For Sales~radio, train data R2_scores = 0.3143 ; test data R2_scores = 0.4101


In [252]:
## Test and train data R^2 from Sales~newspaper

t1=r2_score(y_true=y_train,y_pred=reg3.predict(npp_train))
t2=r2_score(y_true=y_test,y_pred=reg3.predict(npp_test))
print("For Sales~newspaper, train data R2_scores =",round(t1,4),";","test data R2_scores =",round(t2,4))

For Sales~newspaper, train data R2_scores = 0.0431 ; test data R2_scores = 0.0892


From the training data, the amount of variability in Sales that is explained by TV advertisement, radio advertisement and newspaper advertisement are about 62.65%, 31.43% and 4.31% respectively. Thus, TV advertisement has the higest impact on Sales, followed by radio advertisement, whereas newspaper advertisement has the least impact on sales.
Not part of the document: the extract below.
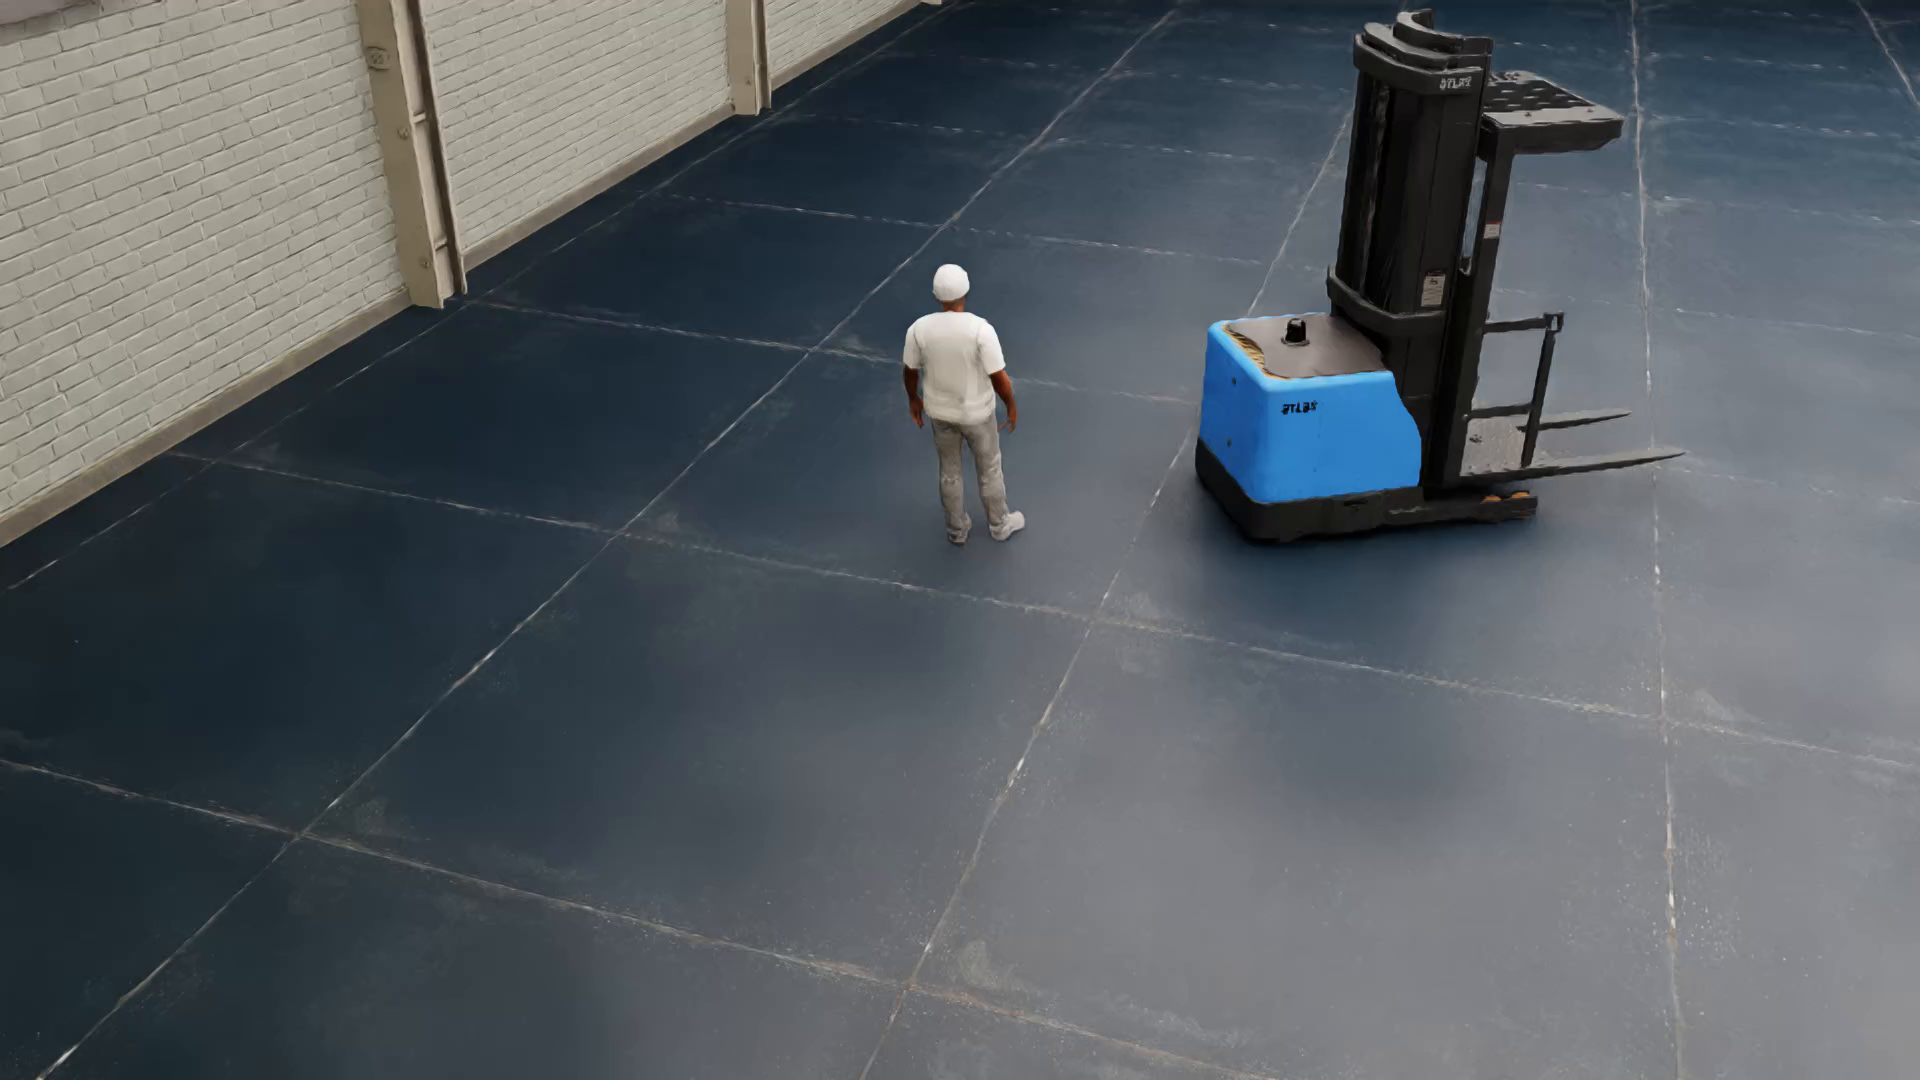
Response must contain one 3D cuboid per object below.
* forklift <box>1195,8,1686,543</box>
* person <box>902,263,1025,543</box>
[{"bbox_3d":[3.093,-1.629,9.995,3.031,2.935,1.130,-7,30,-11],"label":"forklift"},{"bbox_3d":[0.028,-0.805,9.711,0.665,1.766,0.576,10,31,16],"label":"person"}]

A similar pattern can be seen from the test data where TV advertisement explains the highest amount of the variability in sales, with test R2 score of about 54.44% followed by radio advertisement with test R2 score of about 41.01% and then the least, newspaper advertisement with test R2 score of about 8.92%.

### 1. Multiple Linear Regression

In [253]:
## Regressing Sales on all predictors

regM = LinearRegression()
regM.fit(Xs_train, y_train)
print("The linear model is: Y = {:.5} + {:.5}*TV + {:.5}*radio + {:.5}*newspaper".format(regM.intercept_[0], regM.coef_[0][0], regM.coef_[0][1], regM.coef_[0][2]))
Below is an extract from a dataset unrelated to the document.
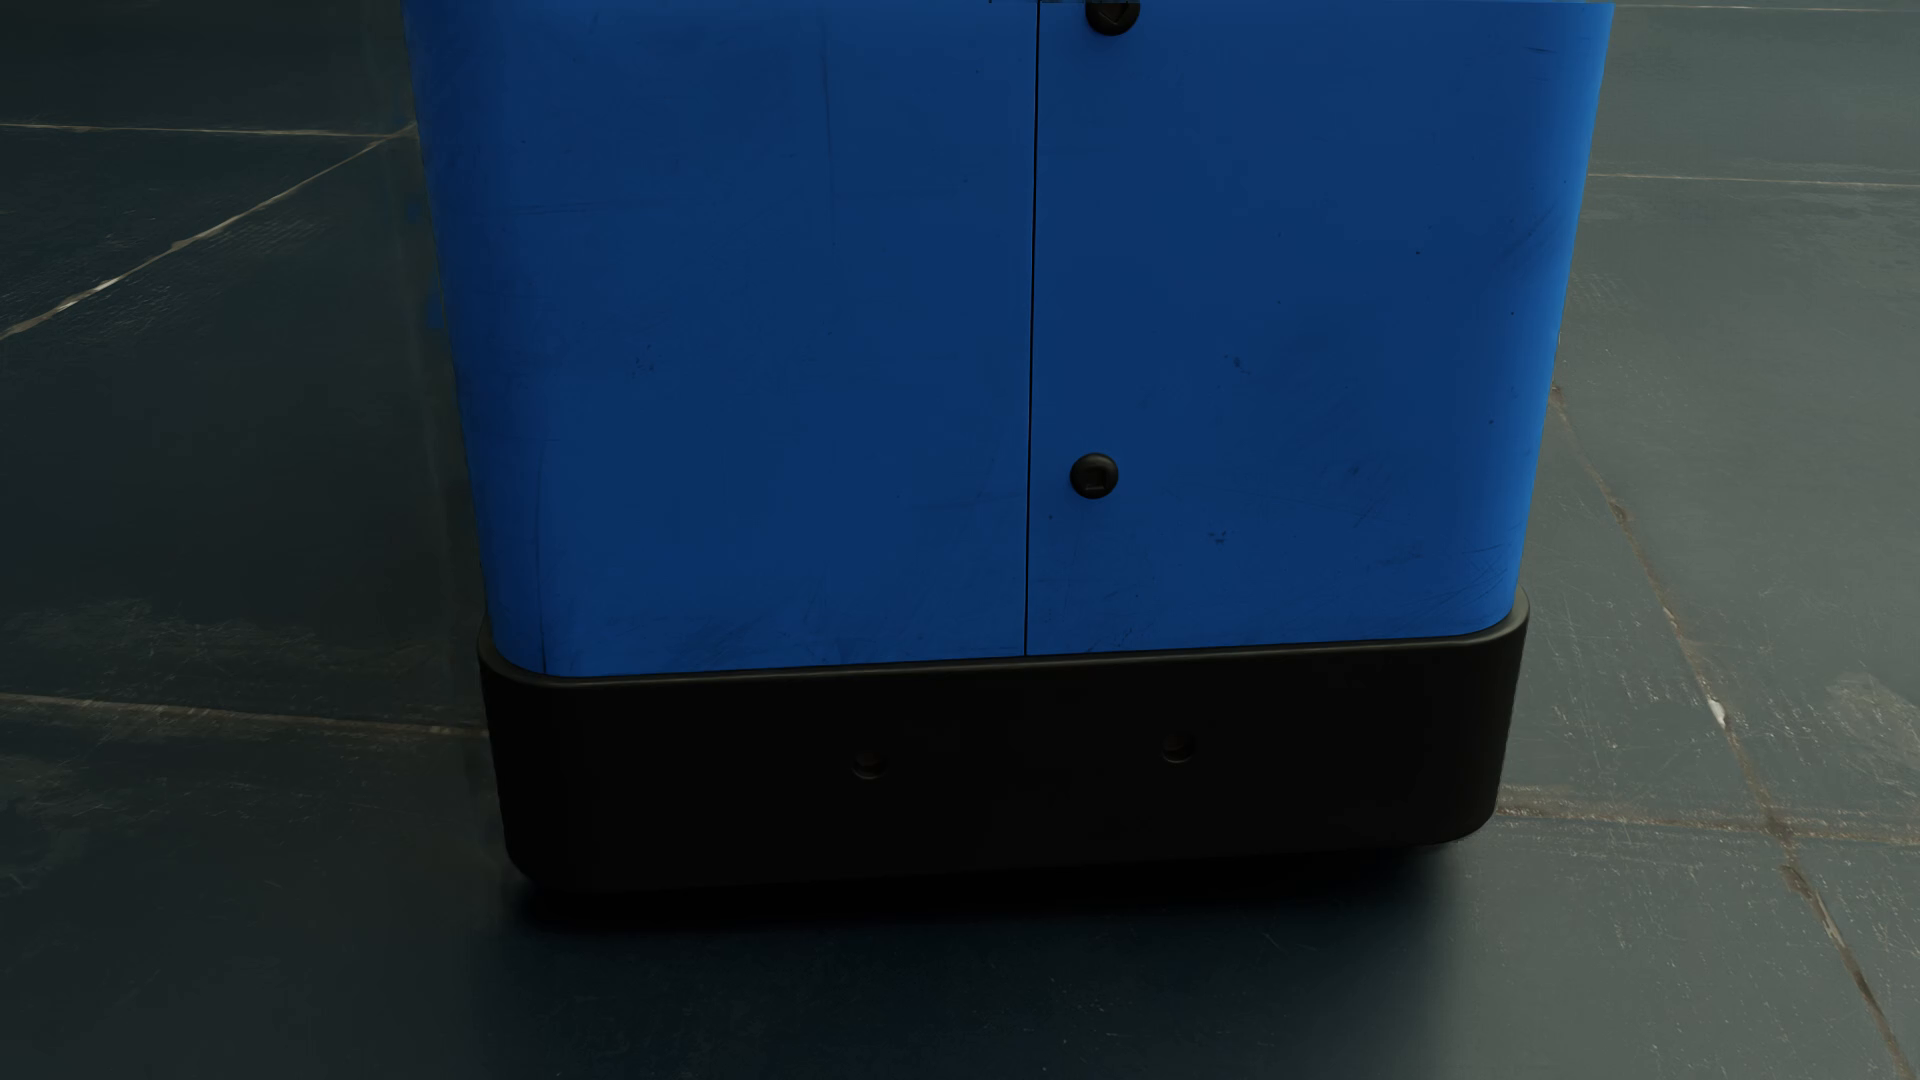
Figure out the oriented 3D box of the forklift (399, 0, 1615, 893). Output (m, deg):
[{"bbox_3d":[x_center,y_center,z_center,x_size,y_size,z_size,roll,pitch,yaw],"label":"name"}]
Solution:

The linear model is: Y = 2.911 + 0.045529*TV + 0.18512*radio + 0.0011988*newspaper


### 2. Ridge Regression

In [254]:
## Ridge Regression of Sales on all predictors 

alphas = 10**np.linspace(10,-2,100)*0.5
ridge = Ridge(normalize = True)
r2_values = []

for a in alphas:
    ridge.set_params(alpha = a)
    ridge.fit(Xs_train, y_train)
    r2_values.append(r2_score(y_true=y_test,y_pred=ridge.predict(Xs_test)))

ridge.set_params(alpha = alphas[np.argmax(r2_score)])
ridge.fit(Xs_train, y_train)
ridge.coef_
print("The Ridge linear model is: Y = {:.5} + {:.5}*TV + {:.5}*radio + {:.5}*newspaper".format(ridge.intercept_[0], ridge.coef_[0][0], ridge.coef_[0][1], ridge.coef_[0][2]))
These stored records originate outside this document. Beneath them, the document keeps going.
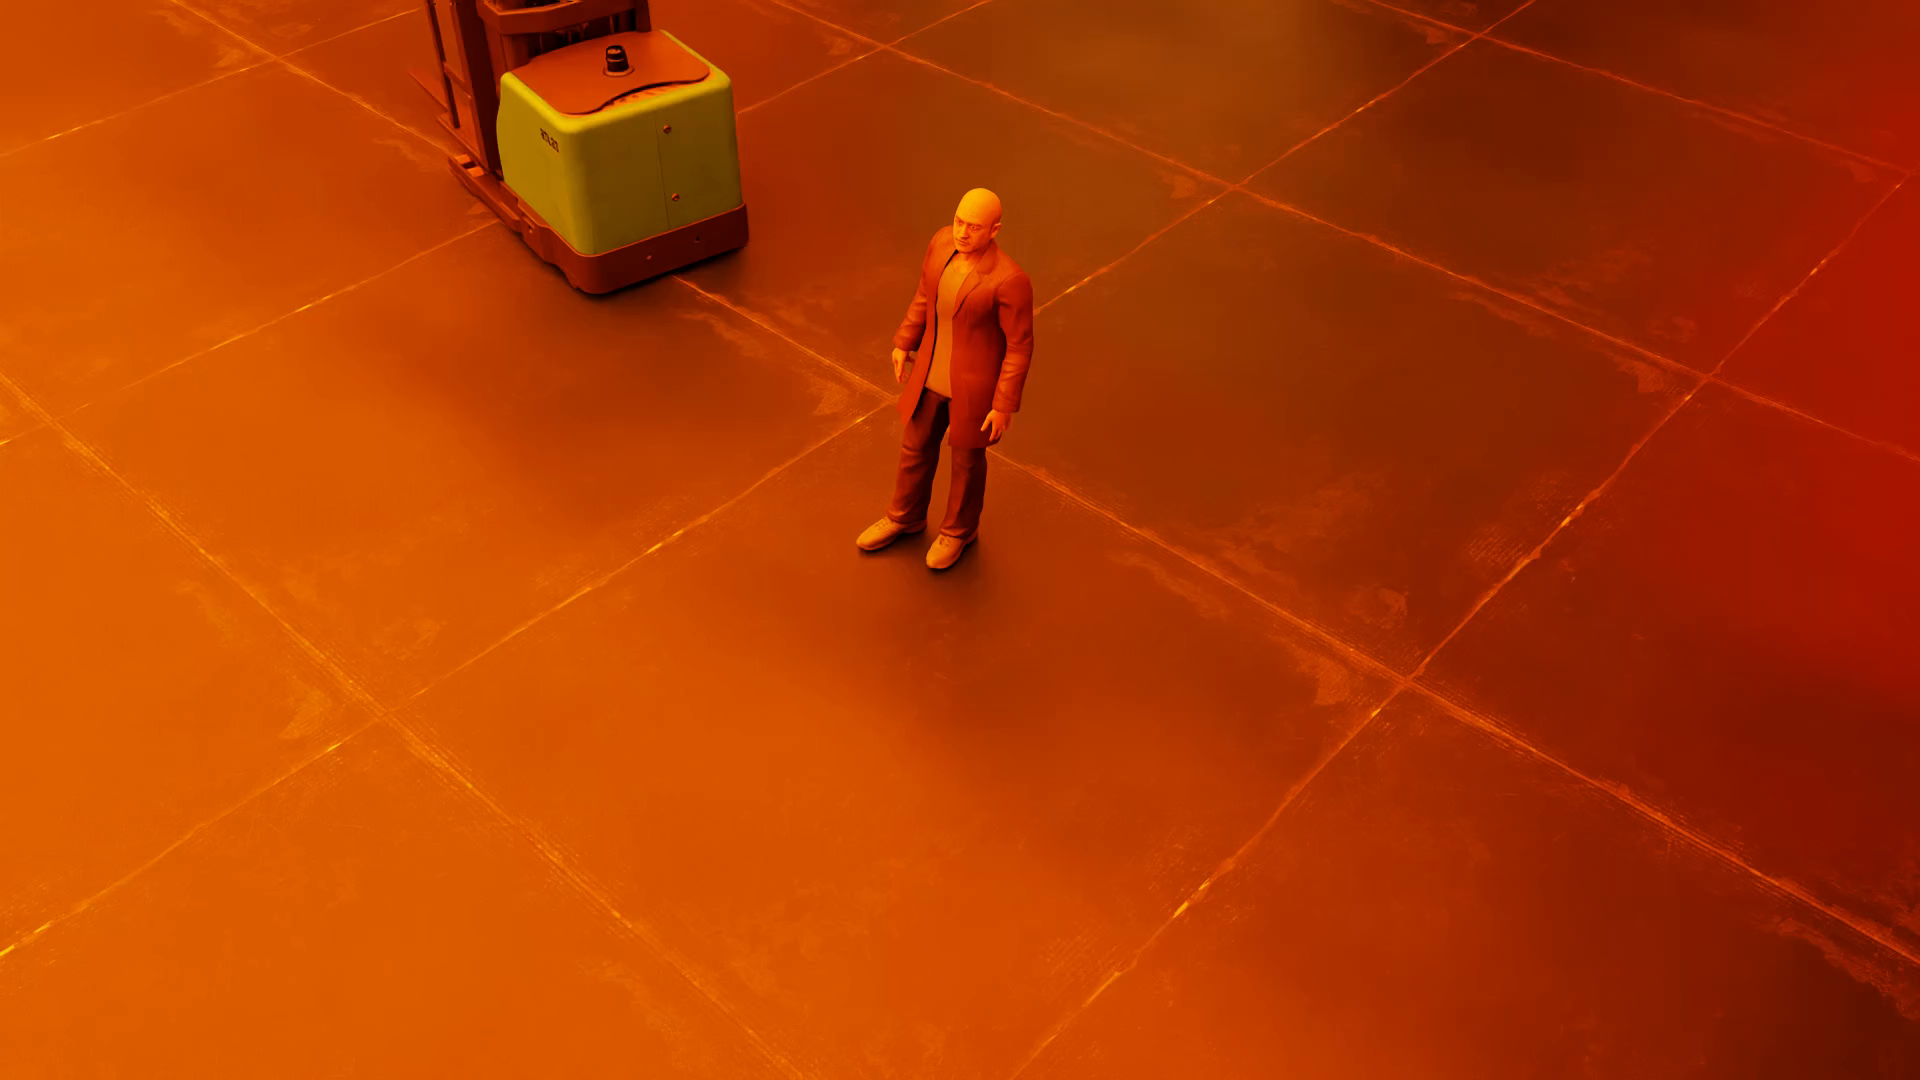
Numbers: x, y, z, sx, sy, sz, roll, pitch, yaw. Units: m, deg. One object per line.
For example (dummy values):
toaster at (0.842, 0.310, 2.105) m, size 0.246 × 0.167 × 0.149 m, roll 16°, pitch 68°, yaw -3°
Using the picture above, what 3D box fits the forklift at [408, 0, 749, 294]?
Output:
forklift at (-2.485, -3.381, 9.369) m, size 1.130 × 2.935 × 3.031 m, roll -25°, pitch 47°, yaw -26°

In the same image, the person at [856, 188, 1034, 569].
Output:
person at (-0.065, -0.634, 7.052) m, size 0.696 × 1.762 × 0.582 m, roll 31°, pitch 49°, yaw 31°

The Ridge linear model is: Y = 13.997 + 9.4585e-12*TV + 4.0281e-11*radio + 1.0013e-11*newspaper


### 3. Lasso Regression

In [255]:
## Lasso Regression of Sales on all predictors 

from sklearn.linear_model import Lasso
lasso = Lasso(max_iter = 10000, normalize = True)
r2_values_lasso = []

for a in alphas:
    lasso.set_params(alpha = a)
    lasso.fit(Xs_train, y_train)
    r2_values_lasso.append(r2_score(y_true=y_test,y_pred=lasso.predict(Xs_test)))
    
lasso.set_params(alpha = alphas[np.argmax(r2_values_lasso)])
lasso.fit(Xs_train, y_train)
lasso.coef_
print("The lasso linear model is: Y = {:.5} + {:.5}*TV + {:.5}*radio + {:.5}*newspaper".format(lasso.intercept_[0], lasso.coef_[0], lasso.coef_[1], lasso.coef_[2]))


The lasso linear model is: Y = 3.1283 + 0.044848*TV + 0.18168*radio + 0.0*newspaper


### 4. R2_scores

In [256]:
t=r2_score(y_true=y_test,y_pred=regM.predict(Xs_test))
print("The Multiple regression test data R2_score =",round(t,4))

The Multiple regression test data R2_score = 0.9138


In [257]:
print("The Ridge regression test data R2_score =",round(np.max(r2_values),4) )

The Ridge regression test data R2_score = 0.9134


In [258]:
print("The Lasso regression test data R2_score =",round(np.max(r2_values_lasso),4) )

The Lasso regression test data R2_score = 0.9127


The test data R2 scores from the multiple regression model and the two regularized models are approximately the same, about 91%. With respect to the coefficients, it can be seen that the coeffecient estimates in the ridge regression are relatively very small and the lasso regression makes the coefficient estimate of newspaper advertisement zero, indicating that newspaper advertisement is relatively less important as was seen in problem 2. One can consider the lasso regression model as a better model since it is more parsimonious even though its not so different from the other models.

Based on the results from problems 2 and 3 we can clearly see that, newspaper advertisement has the least importance on sales out of the 3 features. For TV and radio advertisement, the simple linear regressions in problem 2 suggest that TV advertisement is more important, however, the regularized models in probelm 3 seems to suggest that radio advertisement is more important since the coefficient of TV advertisement seems to be approaching zero faster.